**Exercise requirements:** An answer that reproduces all the entries exactly is what is needed.

**Records provided:**
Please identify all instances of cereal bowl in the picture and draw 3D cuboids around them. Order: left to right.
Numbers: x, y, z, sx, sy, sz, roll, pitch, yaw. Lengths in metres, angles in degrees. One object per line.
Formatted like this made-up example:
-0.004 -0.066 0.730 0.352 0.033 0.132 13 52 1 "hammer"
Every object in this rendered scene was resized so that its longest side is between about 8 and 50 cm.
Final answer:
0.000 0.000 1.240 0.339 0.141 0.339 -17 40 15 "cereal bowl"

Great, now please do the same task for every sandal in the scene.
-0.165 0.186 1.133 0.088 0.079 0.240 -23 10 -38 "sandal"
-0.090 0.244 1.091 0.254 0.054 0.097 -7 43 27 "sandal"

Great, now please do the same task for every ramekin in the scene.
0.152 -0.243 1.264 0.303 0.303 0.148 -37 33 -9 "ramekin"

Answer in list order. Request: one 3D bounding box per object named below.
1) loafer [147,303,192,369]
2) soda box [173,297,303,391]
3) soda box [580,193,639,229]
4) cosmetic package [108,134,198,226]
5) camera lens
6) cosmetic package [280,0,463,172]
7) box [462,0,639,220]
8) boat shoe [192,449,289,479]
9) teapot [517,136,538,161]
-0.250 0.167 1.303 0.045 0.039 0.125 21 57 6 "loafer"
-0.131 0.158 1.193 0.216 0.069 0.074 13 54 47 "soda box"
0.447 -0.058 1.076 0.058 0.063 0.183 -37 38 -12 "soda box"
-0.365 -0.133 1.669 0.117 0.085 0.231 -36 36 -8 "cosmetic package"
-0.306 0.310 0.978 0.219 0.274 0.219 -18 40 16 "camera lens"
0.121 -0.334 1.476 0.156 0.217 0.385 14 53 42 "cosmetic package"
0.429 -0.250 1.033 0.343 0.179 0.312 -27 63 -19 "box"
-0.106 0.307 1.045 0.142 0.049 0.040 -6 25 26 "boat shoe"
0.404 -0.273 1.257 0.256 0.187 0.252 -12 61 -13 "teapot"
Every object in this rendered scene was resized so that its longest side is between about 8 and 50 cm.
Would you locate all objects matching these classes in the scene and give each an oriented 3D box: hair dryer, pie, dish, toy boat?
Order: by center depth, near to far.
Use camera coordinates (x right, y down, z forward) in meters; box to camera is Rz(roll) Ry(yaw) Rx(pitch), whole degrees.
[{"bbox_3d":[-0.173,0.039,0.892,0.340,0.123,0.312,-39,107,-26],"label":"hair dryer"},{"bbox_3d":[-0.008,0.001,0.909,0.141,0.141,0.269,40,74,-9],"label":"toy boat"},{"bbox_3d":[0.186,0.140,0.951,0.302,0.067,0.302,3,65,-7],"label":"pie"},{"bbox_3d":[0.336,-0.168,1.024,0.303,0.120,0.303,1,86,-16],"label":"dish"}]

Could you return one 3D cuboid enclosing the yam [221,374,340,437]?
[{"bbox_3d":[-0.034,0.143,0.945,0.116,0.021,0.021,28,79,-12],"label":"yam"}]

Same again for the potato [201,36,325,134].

**Written answer:**
Please identify all instances of cereal bowl in the picture and draw 3D cuboids around them. Order: left to right.
Numbers: x, y, z, sx, sy, sz, roll, pitch, yaw. Lengths in metres, angles in degrees. One object per line.
Formatted like this made-up example:
-0.004 -0.066 0.730 0.352 0.033 0.132 13 52 1 "hammer"
Every object in this rendered scene was resized so that its longest side is between about 8 and 50 cm.
Final answer:
0.000 0.000 1.240 0.339 0.141 0.339 -17 40 15 "cereal bowl"

Great, now please do the same task for every sandal in the scene.
-0.165 0.186 1.133 0.088 0.079 0.240 -23 10 -38 "sandal"
-0.090 0.244 1.091 0.254 0.054 0.097 -7 43 27 "sandal"

Great, now please do the same task for every ramekin in the scene.
0.152 -0.243 1.264 0.303 0.303 0.148 -37 33 -9 "ramekin"

Answer in list order. Request: one 3D bounding box per object named below.
1) loafer [147,303,192,369]
2) soda box [173,297,303,391]
3) soda box [580,193,639,229]
4) cosmetic package [108,134,198,226]
5) camera lens
6) cosmetic package [280,0,463,172]
7) box [462,0,639,220]
8) boat shoe [192,449,289,479]
9) teapot [517,136,538,161]
-0.250 0.167 1.303 0.045 0.039 0.125 21 57 6 "loafer"
-0.131 0.158 1.193 0.216 0.069 0.074 13 54 47 "soda box"
0.447 -0.058 1.076 0.058 0.063 0.183 -37 38 -12 "soda box"
-0.365 -0.133 1.669 0.117 0.085 0.231 -36 36 -8 "cosmetic package"
-0.306 0.310 0.978 0.219 0.274 0.219 -18 40 16 "camera lens"
0.121 -0.334 1.476 0.156 0.217 0.385 14 53 42 "cosmetic package"
0.429 -0.250 1.033 0.343 0.179 0.312 -27 63 -19 "box"
-0.106 0.307 1.045 0.142 0.049 0.040 -6 25 26 "boat shoe"
0.404 -0.273 1.257 0.256 0.187 0.252 -12 61 -13 "teapot"
Every object in this rendered scene was resized so that its longest side is between about 8 and 50 cm.
Would you locate all objects matching these classes in the scene and give each an oriented 3D box: hair dryer, pie, dish, toy boat?
Order: by center depth, near to far.
Use camera coordinates (x right, y down, z forward) in meters; box to camera is Rz(roll) Ry(yaw) Rx(pitch), whole degrees.
[{"bbox_3d":[-0.173,0.039,0.892,0.340,0.123,0.312,-39,107,-26],"label":"hair dryer"},{"bbox_3d":[-0.008,0.001,0.909,0.141,0.141,0.269,40,74,-9],"label":"toy boat"},{"bbox_3d":[0.186,0.140,0.951,0.302,0.067,0.302,3,65,-7],"label":"pie"},{"bbox_3d":[0.336,-0.168,1.024,0.303,0.120,0.303,1,86,-16],"label":"dish"}]

Could you return one 3D cuboid enclosing the yam [221,374,340,437]?
[{"bbox_3d":[-0.034,0.143,0.945,0.116,0.021,0.021,28,79,-12],"label":"yam"}]

Same again for the potato [201,36,325,134].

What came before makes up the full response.